• _Task description_
In this exercise, print only the lines from the line with "Where should I" to the last line of the data below, inclusive. Any pictures should be left out.

+++

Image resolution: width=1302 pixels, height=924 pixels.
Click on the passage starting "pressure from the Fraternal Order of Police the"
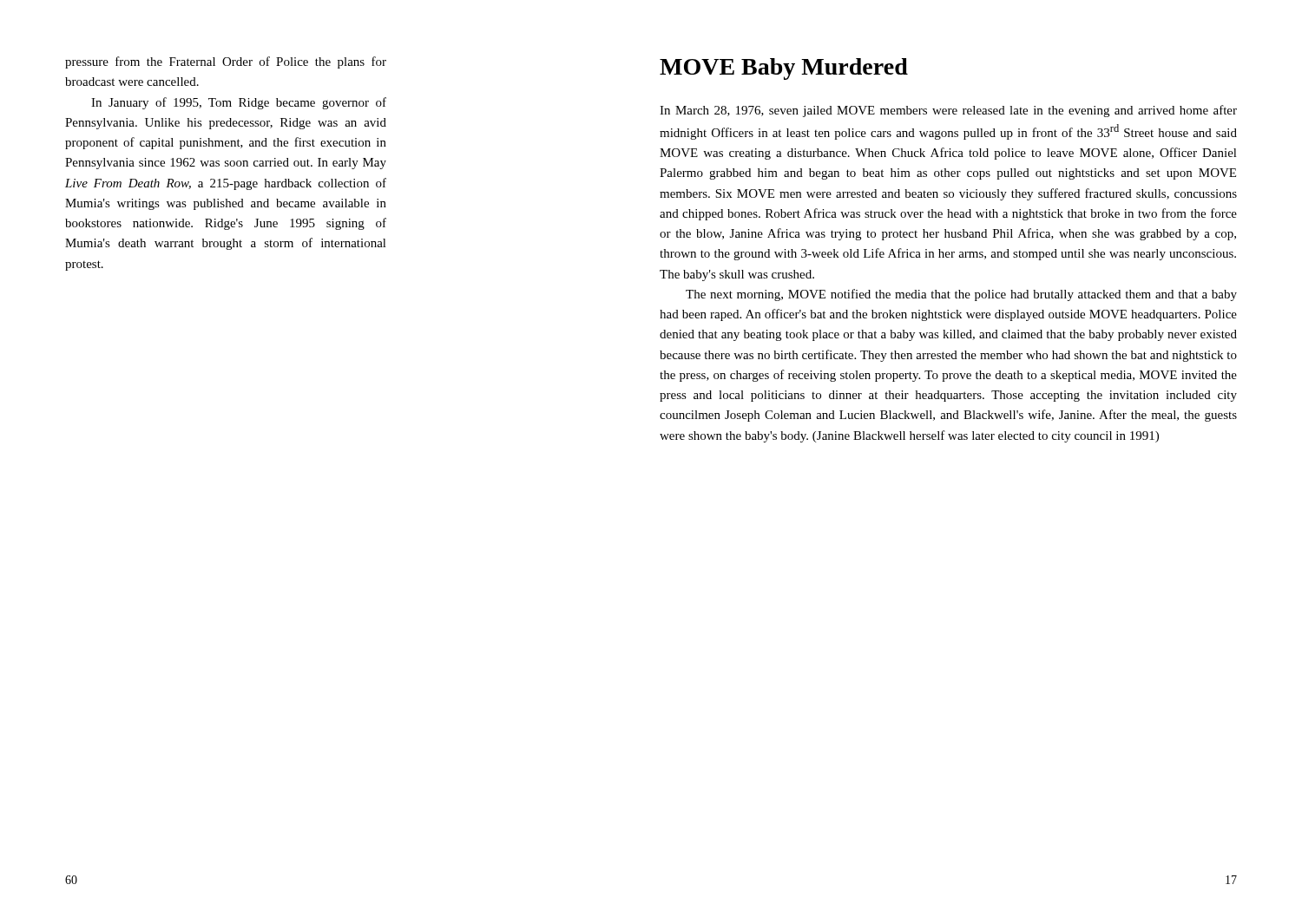point(226,163)
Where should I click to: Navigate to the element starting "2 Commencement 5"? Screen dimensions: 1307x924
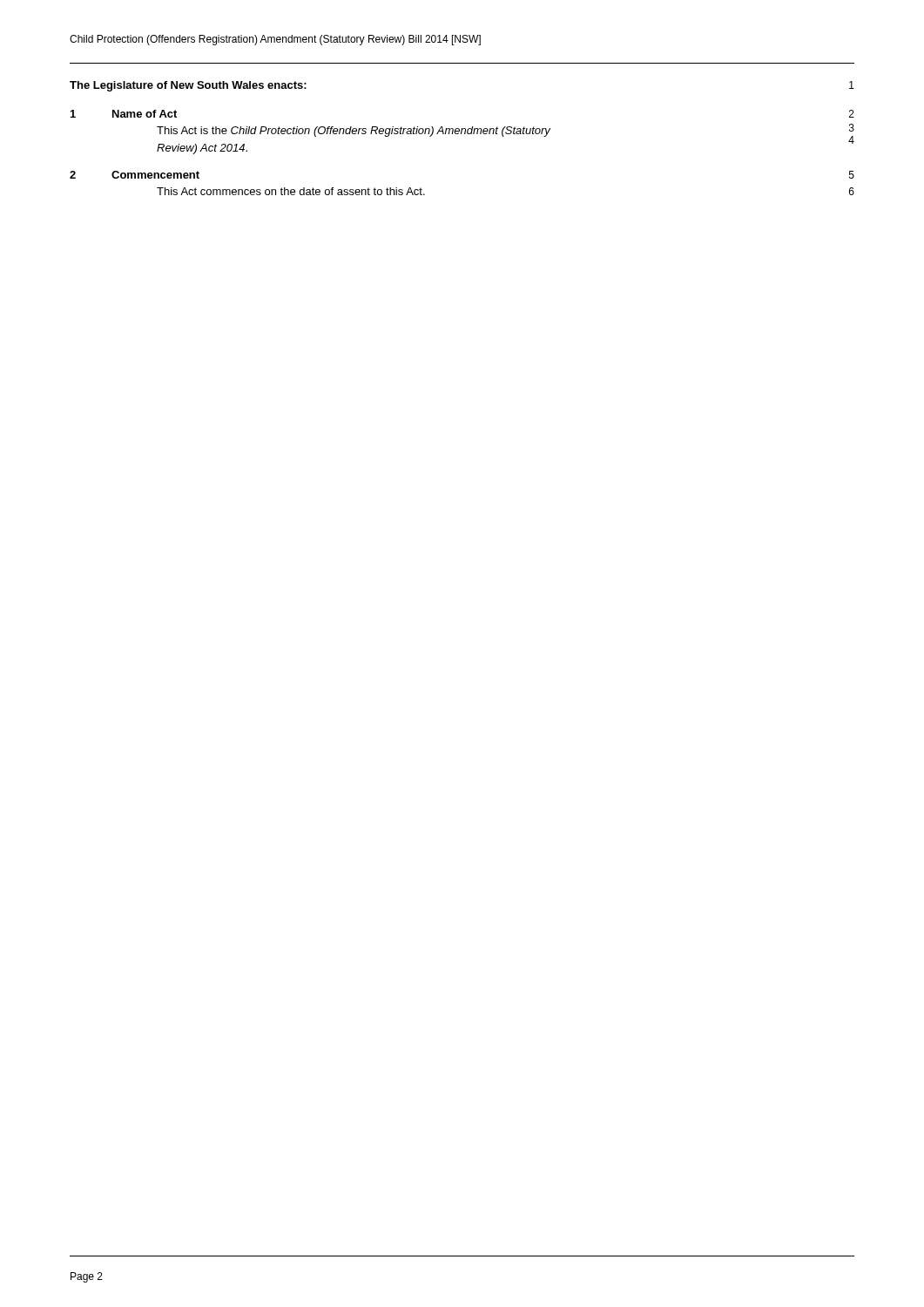coord(73,175)

+++

• _Answer to this task_
Where should I click to: Navigate to the element starting "2 Commencement 5"? Screen dimensions: 1307x924
coord(73,175)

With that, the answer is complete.